The company will occasionally pay an outsized payout followed by a dividend reduction. Still, the dividend has risen annually for the last 10 years. Investors buying today will still enjoy a yield of 6.76%.
Continuing to pay this dividend should not be an issue in the future either. Analysts, on average, predict its profits will increase by 5.5% this year. They also project an average of 6.2% annual growth over the next five years. Current earnings also place the forward price-to-earnings (P/E) ratio at 11.4.
That allows investors to buy into this generous dividend stream at a discount. Given MO’s ability to mitigate the negative sentiment surrounding tobacco, and its potential in the cannabis industry, I think these benefits will accrue for years to come.
Philip Morris International, Inc. (PM)
Philip Morris International (NYSE:PM) spun off from Altria in 2008. As the name implies, it operates primarily outside of the U.S., despite the Manhattan address of its headquarters. Among top tobacco stocks, it remains best known for retaining the right to market Marlboro cigarettes outside of the U.S. (Altria holds the U.S. rights).
While it remains a similar company to Altria in many respects, its non-U.S. focus gives it the advantage of not having to deal directly with federal regulation. As a result, it has led the way in IQOS in other countries. Its non-U.S. focus also gives this company an advantage over Altria if it wants to make deals with cannabis companies.
Due to its offshore focus, Phillip Morris International now exceeds the size of its original parent company. It holds a market cap of about $128 billion, larger than Altria’s market cap of about $94.5 billion. The forward P/E of 15 comes in somewhat higher than Altria. However, it usually trades at a slight premium to its former parent.

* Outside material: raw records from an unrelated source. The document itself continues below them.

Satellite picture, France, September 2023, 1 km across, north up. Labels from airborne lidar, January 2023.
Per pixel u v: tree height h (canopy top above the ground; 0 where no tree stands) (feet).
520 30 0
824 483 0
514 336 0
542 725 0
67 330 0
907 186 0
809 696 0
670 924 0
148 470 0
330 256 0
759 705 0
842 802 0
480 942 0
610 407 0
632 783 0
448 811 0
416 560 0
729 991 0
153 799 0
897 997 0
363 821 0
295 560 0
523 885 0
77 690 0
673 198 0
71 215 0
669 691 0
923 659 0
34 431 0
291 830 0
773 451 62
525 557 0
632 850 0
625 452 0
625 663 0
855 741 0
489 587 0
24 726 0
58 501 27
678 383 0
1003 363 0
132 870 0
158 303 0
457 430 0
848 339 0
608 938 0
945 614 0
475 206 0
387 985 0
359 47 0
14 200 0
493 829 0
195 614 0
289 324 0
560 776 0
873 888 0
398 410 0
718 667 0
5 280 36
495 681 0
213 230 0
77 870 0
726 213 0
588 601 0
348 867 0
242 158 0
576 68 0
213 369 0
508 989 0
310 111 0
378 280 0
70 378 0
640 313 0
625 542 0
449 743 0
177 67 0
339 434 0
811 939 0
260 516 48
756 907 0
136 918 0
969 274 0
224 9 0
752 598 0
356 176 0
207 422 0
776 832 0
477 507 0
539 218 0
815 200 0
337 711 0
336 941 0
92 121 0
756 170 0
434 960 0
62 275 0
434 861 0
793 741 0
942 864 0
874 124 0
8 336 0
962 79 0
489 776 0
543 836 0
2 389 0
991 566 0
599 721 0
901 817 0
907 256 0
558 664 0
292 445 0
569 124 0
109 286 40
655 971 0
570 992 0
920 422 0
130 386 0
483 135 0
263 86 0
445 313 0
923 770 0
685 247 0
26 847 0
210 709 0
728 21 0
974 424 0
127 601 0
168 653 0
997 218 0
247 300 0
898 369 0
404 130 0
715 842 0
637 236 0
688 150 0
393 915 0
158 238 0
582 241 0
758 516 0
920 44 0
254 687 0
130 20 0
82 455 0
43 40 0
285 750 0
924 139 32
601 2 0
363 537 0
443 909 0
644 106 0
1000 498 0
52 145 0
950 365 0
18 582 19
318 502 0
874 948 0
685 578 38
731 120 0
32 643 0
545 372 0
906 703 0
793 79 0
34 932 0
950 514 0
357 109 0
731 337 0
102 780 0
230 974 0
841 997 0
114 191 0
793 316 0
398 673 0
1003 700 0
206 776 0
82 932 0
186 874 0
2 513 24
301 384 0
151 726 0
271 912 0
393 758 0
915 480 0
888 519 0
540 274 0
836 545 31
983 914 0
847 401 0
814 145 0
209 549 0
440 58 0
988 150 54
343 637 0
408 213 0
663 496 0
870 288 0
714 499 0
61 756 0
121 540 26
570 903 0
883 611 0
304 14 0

On the dividend front, it lags the long-term history of Altria, but little else. The payout has risen every year since the company’s 2008 spinoff. The recent increase takes the annual dividend to $4.68 per share, a yield of 5.67%.

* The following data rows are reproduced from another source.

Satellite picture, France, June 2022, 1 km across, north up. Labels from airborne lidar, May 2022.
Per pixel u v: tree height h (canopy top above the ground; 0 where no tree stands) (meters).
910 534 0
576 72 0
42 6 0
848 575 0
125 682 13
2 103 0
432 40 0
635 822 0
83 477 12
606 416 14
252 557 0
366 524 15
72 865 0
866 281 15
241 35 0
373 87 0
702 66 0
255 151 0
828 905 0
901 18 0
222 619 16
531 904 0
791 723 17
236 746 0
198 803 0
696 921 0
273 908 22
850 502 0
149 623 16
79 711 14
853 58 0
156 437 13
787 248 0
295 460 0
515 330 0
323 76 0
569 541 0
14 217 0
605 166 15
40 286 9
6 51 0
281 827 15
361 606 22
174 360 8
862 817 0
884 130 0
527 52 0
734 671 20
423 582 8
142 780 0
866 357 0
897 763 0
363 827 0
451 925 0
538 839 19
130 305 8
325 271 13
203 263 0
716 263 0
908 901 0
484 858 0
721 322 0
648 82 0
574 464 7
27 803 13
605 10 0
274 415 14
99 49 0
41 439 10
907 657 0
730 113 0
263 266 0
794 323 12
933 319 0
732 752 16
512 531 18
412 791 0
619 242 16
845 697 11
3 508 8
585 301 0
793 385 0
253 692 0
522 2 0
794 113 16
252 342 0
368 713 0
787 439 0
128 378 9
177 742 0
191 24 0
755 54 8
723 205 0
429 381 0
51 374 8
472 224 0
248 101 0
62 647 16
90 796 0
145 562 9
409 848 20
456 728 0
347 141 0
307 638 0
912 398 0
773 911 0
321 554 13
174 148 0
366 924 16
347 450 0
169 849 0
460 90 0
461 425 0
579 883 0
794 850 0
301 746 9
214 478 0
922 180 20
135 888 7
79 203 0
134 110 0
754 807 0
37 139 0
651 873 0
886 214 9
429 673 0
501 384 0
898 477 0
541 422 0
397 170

Despite the accolades, the PM stock price has fallen since achieving a high of $122.90 per share in June 2017. It now trades about 33% below this level. However, with its generous dividend, I think it presents a buying opportunity. If Phillip Morris International enters the marijuana business, investors can profit from both a high payout and hopefully, a rising stock price.
Universal Corp. (UVV)
Universal Corporation (NYSE:UVV) operates in a different segment than other top tobacco stocks. The company processes tobacco. It buys the plant directly from producers, refines it, and then sells it to product manufacturers.
Given the overall decline of tobacco use throughout the world, I would typically take a cautious view on such a company. However, the company processes other products besides tobacco.
Potentially, Universal could revive its fortunes by making a modest pivot into cannabis. Since it already processes other products, shifting into weed should not create any major operational shifts. Moreover, it also controls a supply chain useful for both procuring and distributing its product. This supply chain extends to over 30 countries on five different continents.
Although the company has yet to announce such a move, investors may already have noticed this potential. UVV stock shot higher in the middle of last year as its operating income rose despite its falling sales. The stock subsequently lost most of its mid-2018 gains.
The company remains small, as UVV’s market cap is around $1.29 billion.
Its current P/E is about 15, while its dividend stands at $3.04 per share. This amounts to a yield of 5.8%. It has raised its dividend for 46 consecutive years.
As a smaller company that processes tobacco, Universal might seem like a strange pick at first glance. However, its varied product base, small size and large dividend make UVV stock an intriguing play among top tobacco stocks.